WHAT IS REQUIRED:
Could you return all of the entries word for word, minus any pictures?

Segment Start: EXTRACTED ENTRIES

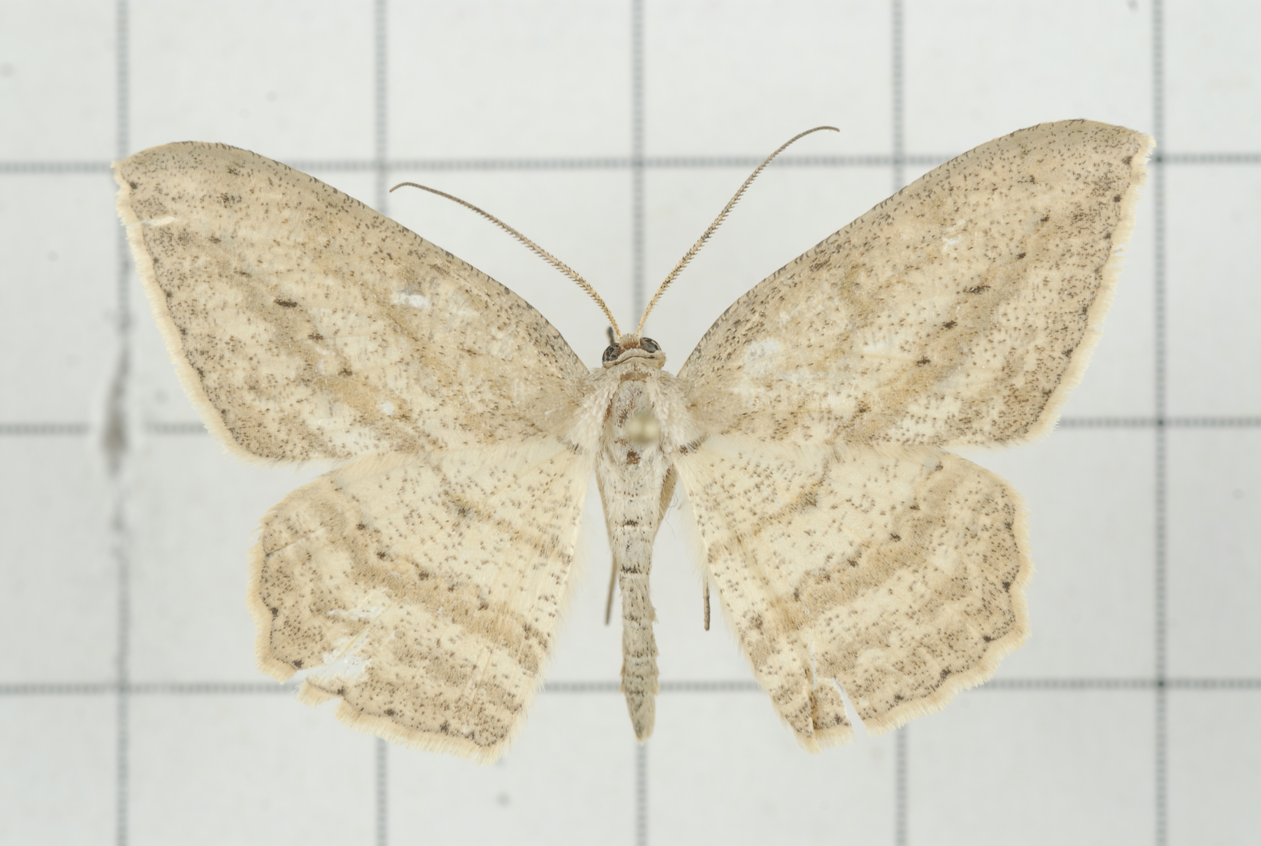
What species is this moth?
Calletaera obliquata
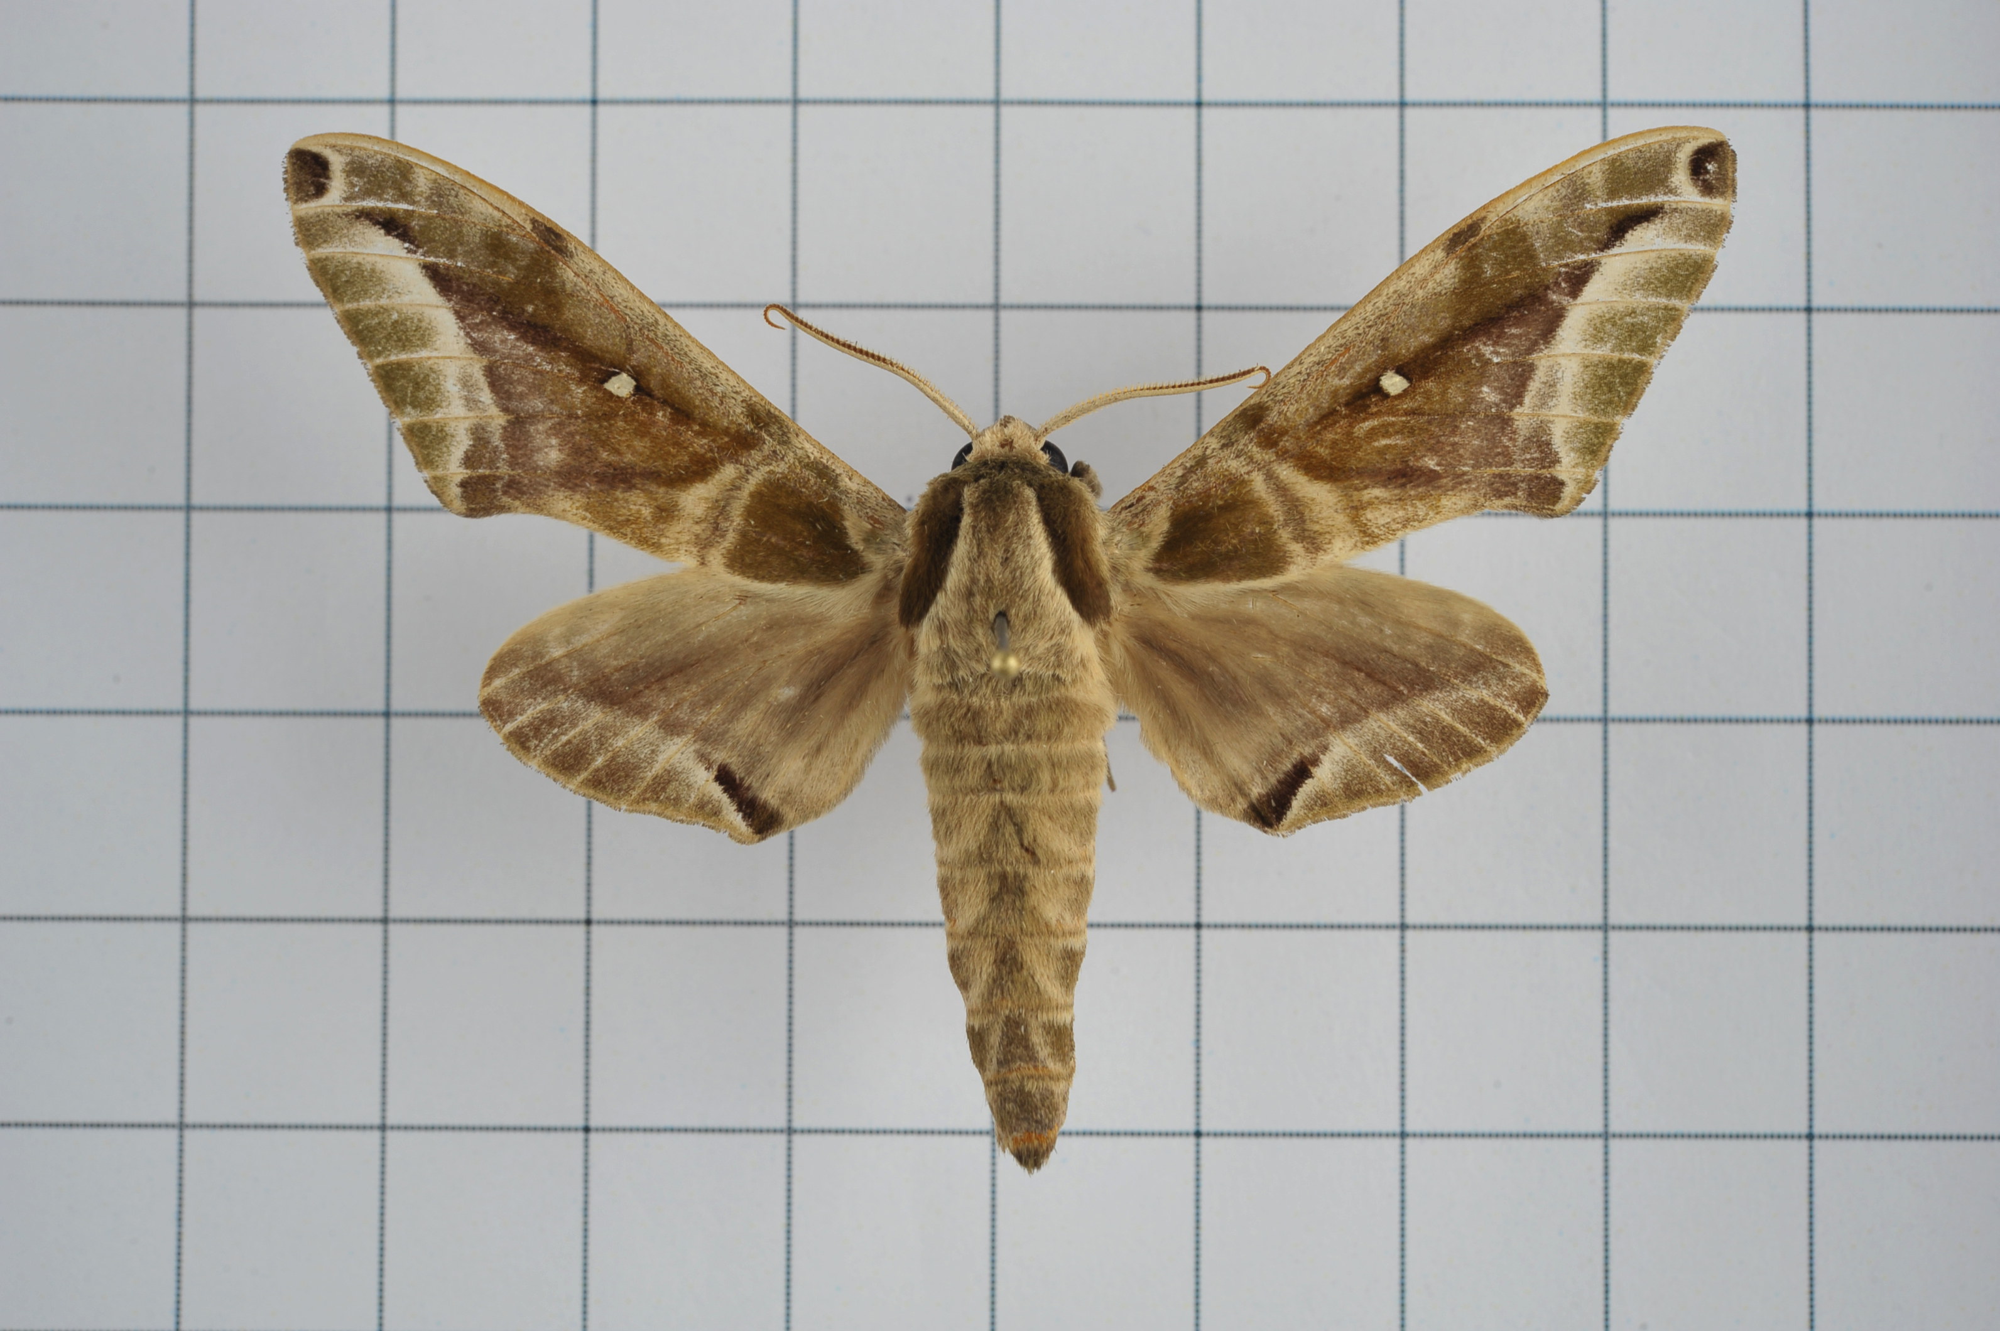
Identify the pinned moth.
Parum colligata
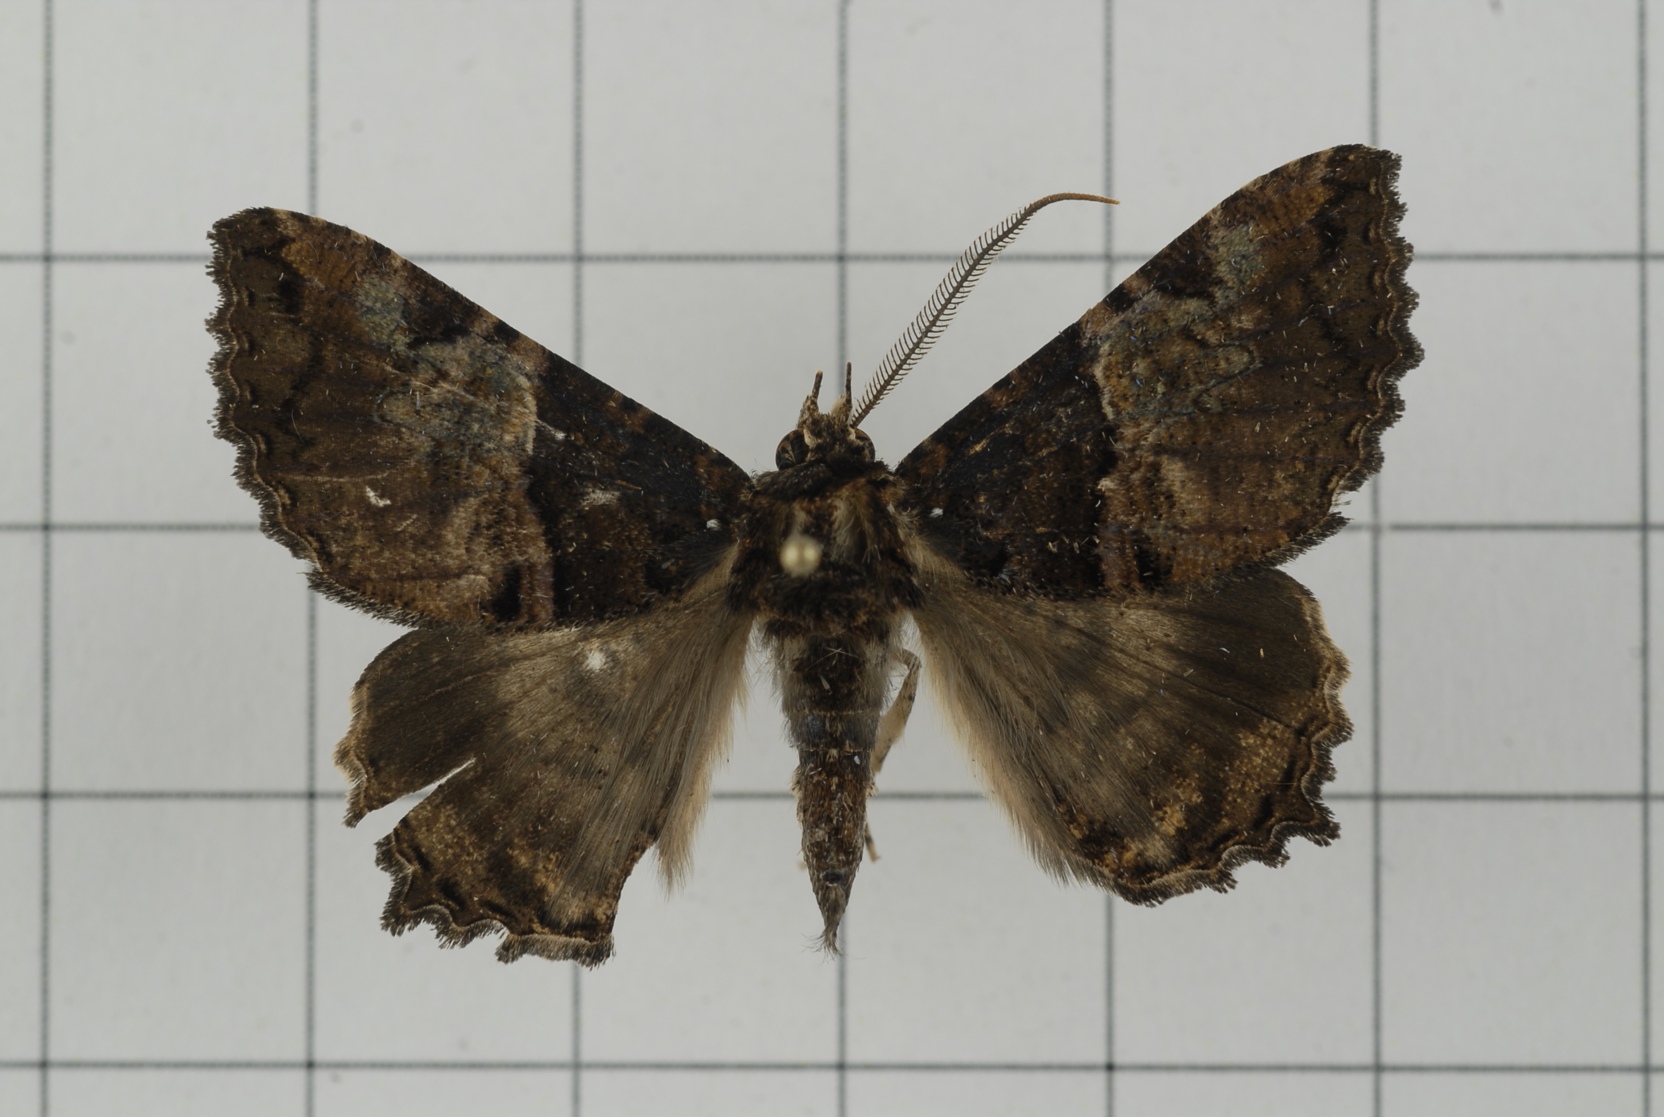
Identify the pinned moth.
Daddala lucilla

Segment End: EXTRACTED ENTRIES

RESPONSE BELOW:
What species is this moth?
Calletaera obliquata
Identify the pinned moth.
Parum colligata
Identify the pinned moth.
Daddala lucilla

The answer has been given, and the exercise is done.